[ad_1]
There can be many advantages for couples moving in together. The obvious question is whether it is a matter of convenience or a commitment to the one you love. Are you thinking about moving in together with your partner? Do you want to know the advantages and disadvantages before you do? Then have a look at the “pros and cons” of a relationship under one roof.
How will it affect the relationship?
Some great advice for couples moving in together is to have a frank and honest discussion with your partner will help clarify the expectations for both of you. Some fundamental questions you should consider are, is this the first step towards marriage? Another important question could be is moving in together just a matter of convenience for shelter or support. Going into a living arraignment knowing what the expectations are will increase the couple’s chances of success. Other considerations might include how to merge the possessions of each person’s private property.

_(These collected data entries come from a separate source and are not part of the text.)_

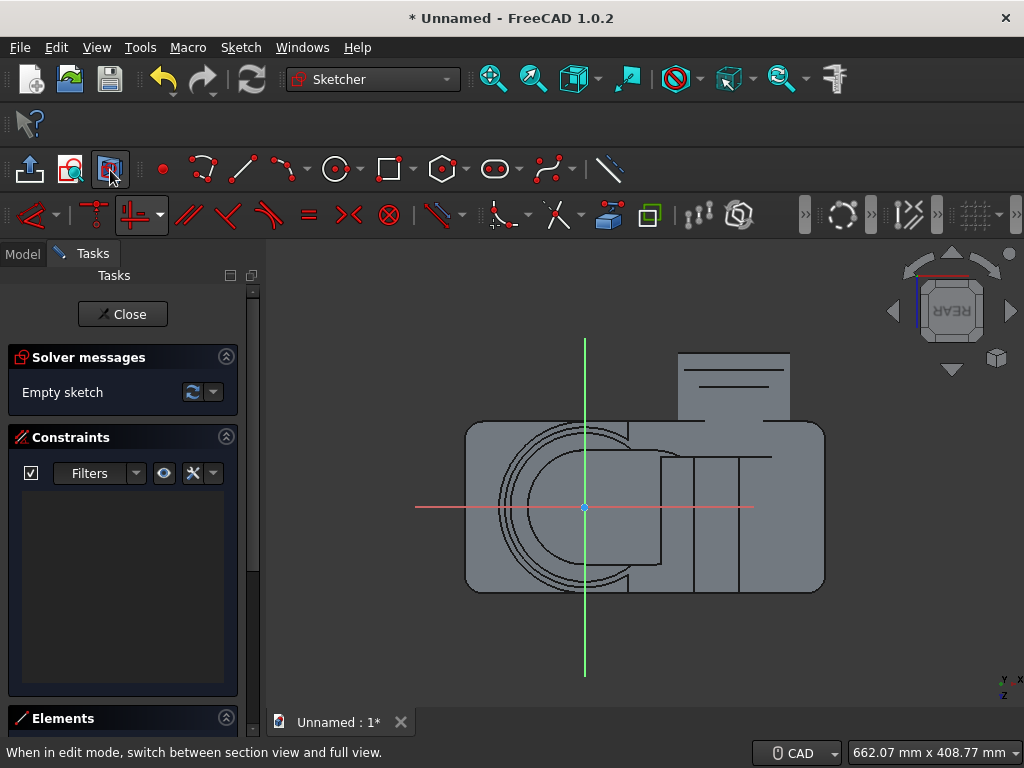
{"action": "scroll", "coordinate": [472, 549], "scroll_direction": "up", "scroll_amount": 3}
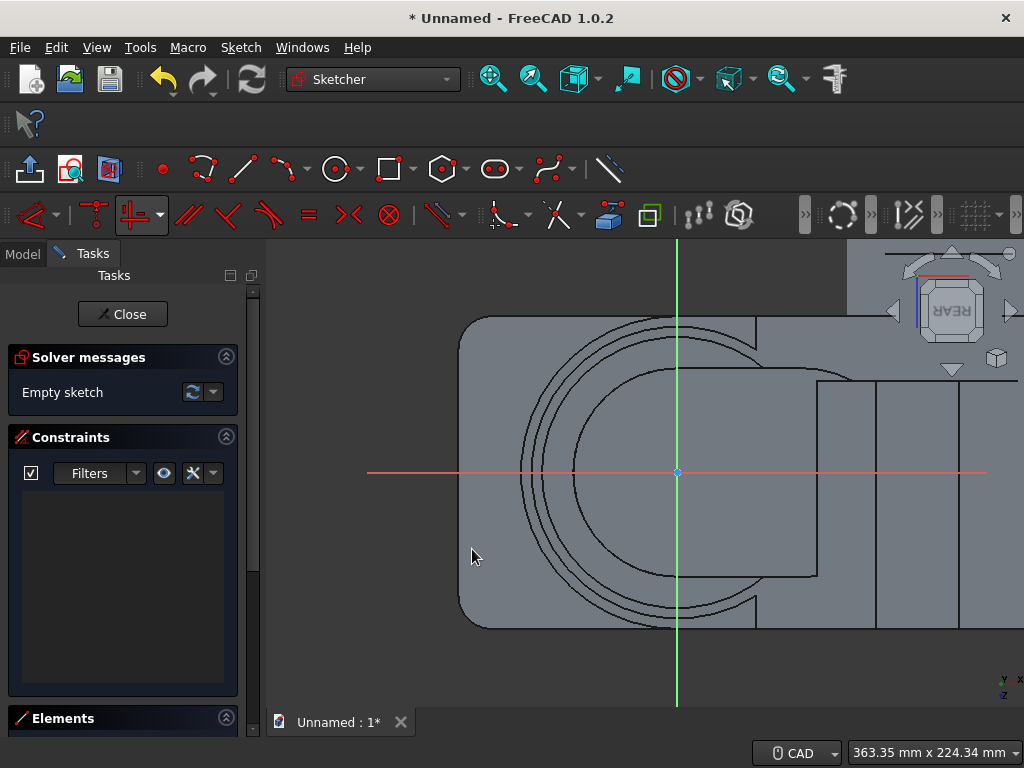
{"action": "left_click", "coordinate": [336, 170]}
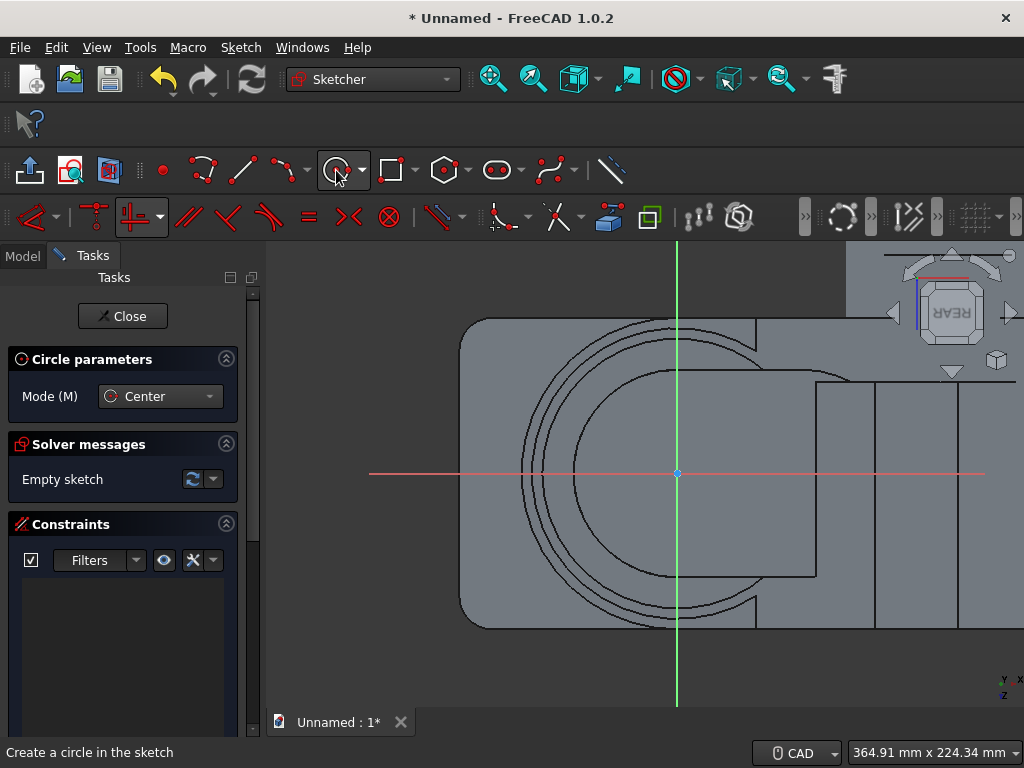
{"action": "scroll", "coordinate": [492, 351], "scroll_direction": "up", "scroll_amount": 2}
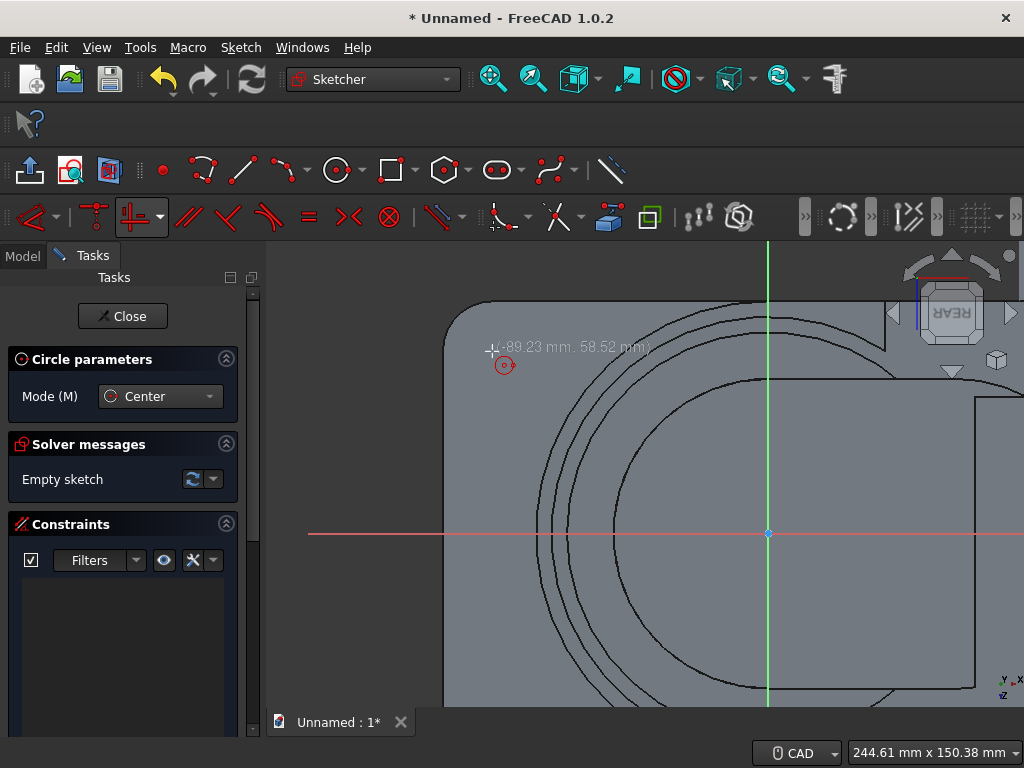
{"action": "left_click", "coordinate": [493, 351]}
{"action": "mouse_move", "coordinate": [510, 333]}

Cohabitation doesn’t guarantee a commitment
Many people believe that couples moving in together will eventually lead to marriage or a long term commitment from their partner. Sadly, most do not. While it is entirely possible to cohabitate for a few years before getting married, there is no guarantee that will happen. It is true that moving in together gives you the opportunity to see how things work out. However, unless both partners truly commit on an emotional level, and it is just not a matter of convenience, the arraignment is doomed.
The obvious advantages
Sharing the costs of rent and utilities is an obvious advantage of cohabitation. If you find you’re spending a lot of time at your partners residence then cohabitation makes good business sense. It has also been argued that a couple who is considering marriage, but are afraid to commit forever, could live together for a period of time as a “test run” towards the real thing. This will provide an opportunity to see their partner at their worst, bad habits, morning breath and all its ugly glory before making up their mind. Whether or not you are doing a “test run” for a possible marriage you will both need to show a commitment to the relationship in order for your partner to know that care and love them.

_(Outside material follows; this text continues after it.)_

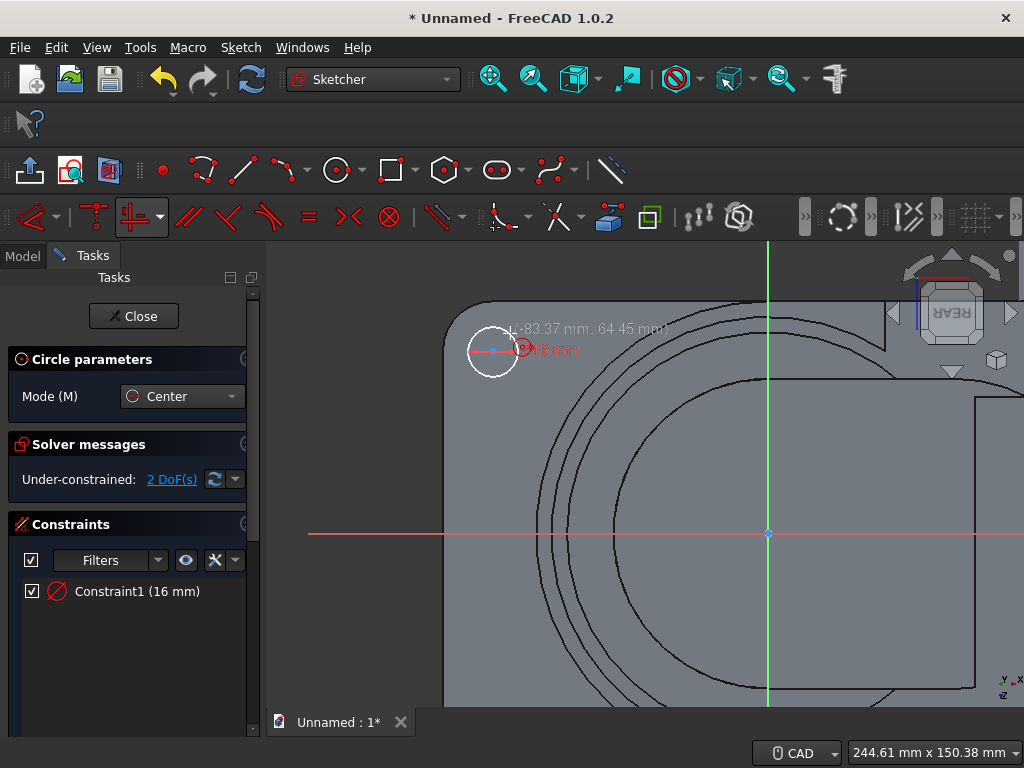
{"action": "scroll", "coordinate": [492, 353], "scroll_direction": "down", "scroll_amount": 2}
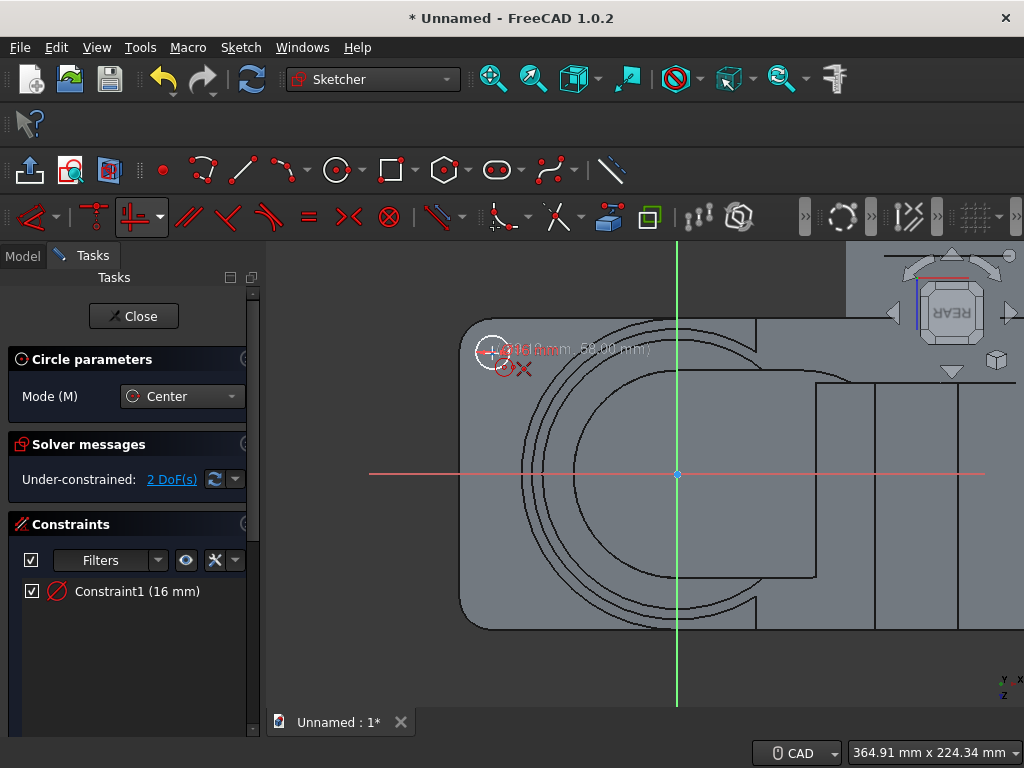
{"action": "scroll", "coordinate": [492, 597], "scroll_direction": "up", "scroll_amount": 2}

The not so obvious disadvantages
The cultural differences between you will play an important role in the overall relations that you will have with your partner’s family. It is one thing to be dating and quite another for couples moving in together. You can expect to clash with some family members that for cultural or religious beliefs will hold you in a low regard. While they may not condone their family member living “in sin,” they may blame you for your partner’s transgression. Another disadvantage is that because of a lack of legal standing, if one partner decides to bail out, they could leave you holding the financial baggage.
The decision for couples moving in together is a joint venture that if implemented with full understanding of your partner’s expectations can be very beneficial for a long term relationship. It allows both partners the opportunity to see their partner in sometimes in an unfavorable light and if after a while you want to take the next step of greeting married you will have less unpleasant surprises having lived with them for awhile.